Heat transfer during film condensation inside horizontal tubes in stratified phase flow

In this paper, the experimental study of heat transfer during condensation of freons R22 and R407C in a plain smooth tube with 17 mm inner diameter was carried out at saturated condensing temperature 40 degrees C, while mass velocity ranged between 6 and 57 kg/(m(2)s) and vapour quality changed from 0.23 to 0.95. The unique measurements of circumferential heat fluxes and heat transfer coefficients were performed with the thick wall method during the stratified flow of the phases.

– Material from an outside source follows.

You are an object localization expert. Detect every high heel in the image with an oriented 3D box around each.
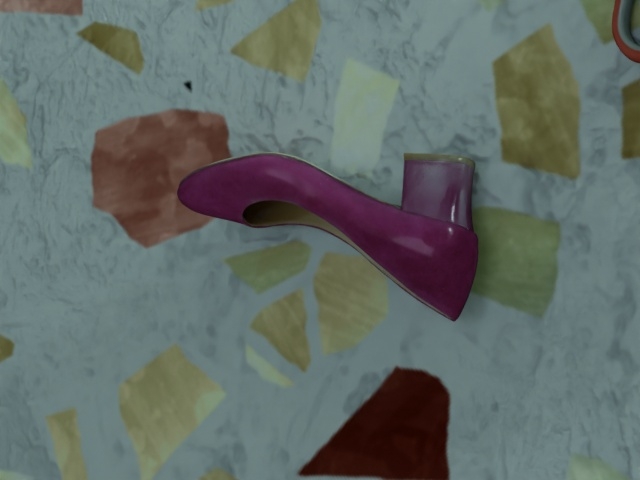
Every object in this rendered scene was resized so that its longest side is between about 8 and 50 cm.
[{"bbox_3d":[0.000,0.000,1.328,0.244,0.082,0.117,1,77,20],"label":"high heel"}]

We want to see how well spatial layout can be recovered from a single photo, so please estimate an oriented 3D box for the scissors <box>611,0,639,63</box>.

The authors performed numerical simulation of heat transfer from condensing vapour to cooling water through the thick-walled cylindrical wall. The CFD model was validated by conducting the physical experiment, which indicated the results coincidence with an error from 7 to 20%. The obtained results allowed improving prediction of effective heat transfer coefficients for vapour condensation, which takes into account the influence of condensate flow in the bottom part of the tube on the heat transfer. This method generalizes with sufficient accuracy (error +/- 30%) the experimental data on condensation of freons R22, R134a, R123, R125, R32, R410a, propane, isobutene, propylene, dimethyl ether, carbon dioxide and methane under the stratified flow conditions. Using this method for designing heat exchangers, which utilize such types of fluids, will increase the efficiency of thermal energy systems.